Task to carry out –
Leave the images out and write out each entry exactly as shown.

Saved entries –
════════════════════

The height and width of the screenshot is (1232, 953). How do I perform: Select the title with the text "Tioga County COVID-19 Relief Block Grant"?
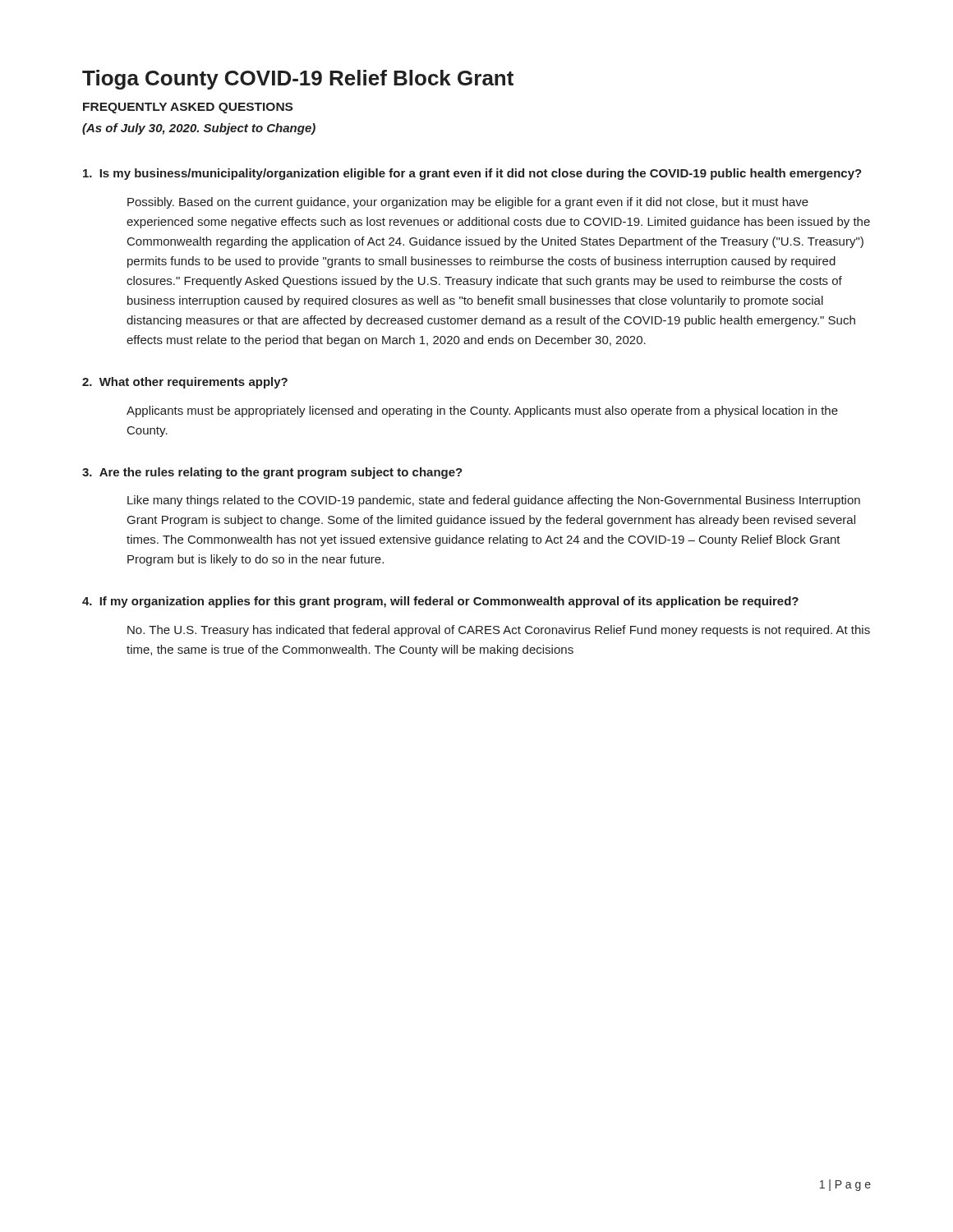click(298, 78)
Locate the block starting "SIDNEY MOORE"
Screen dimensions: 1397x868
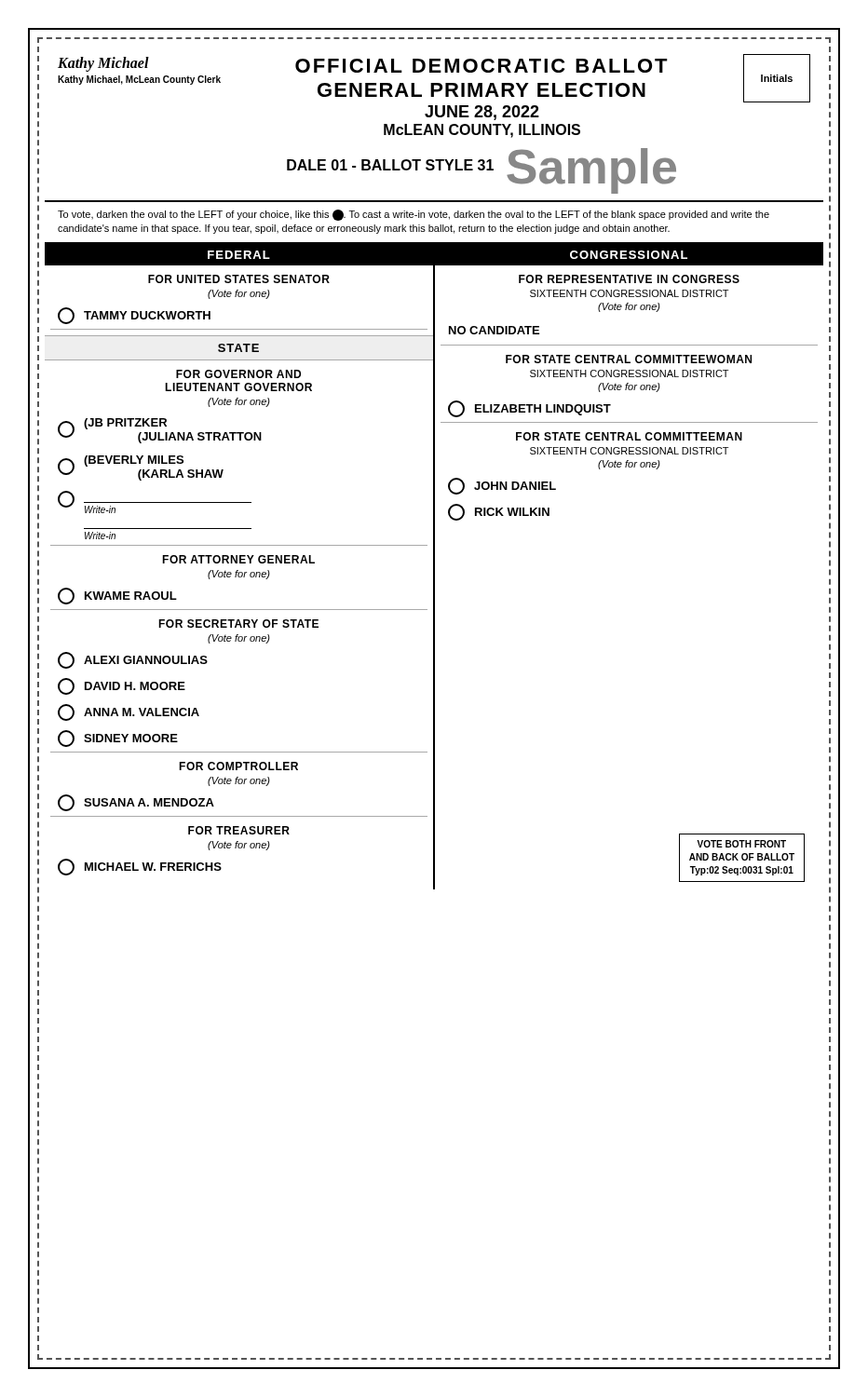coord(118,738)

════════════════════

Output below –
The height and width of the screenshot is (1232, 953). How do I perform: Select the title with the text "Tioga County COVID-19 Relief Block Grant"?
click(298, 78)
Locate the block starting "SIDNEY MOORE"
Screen dimensions: 1397x868
coord(118,738)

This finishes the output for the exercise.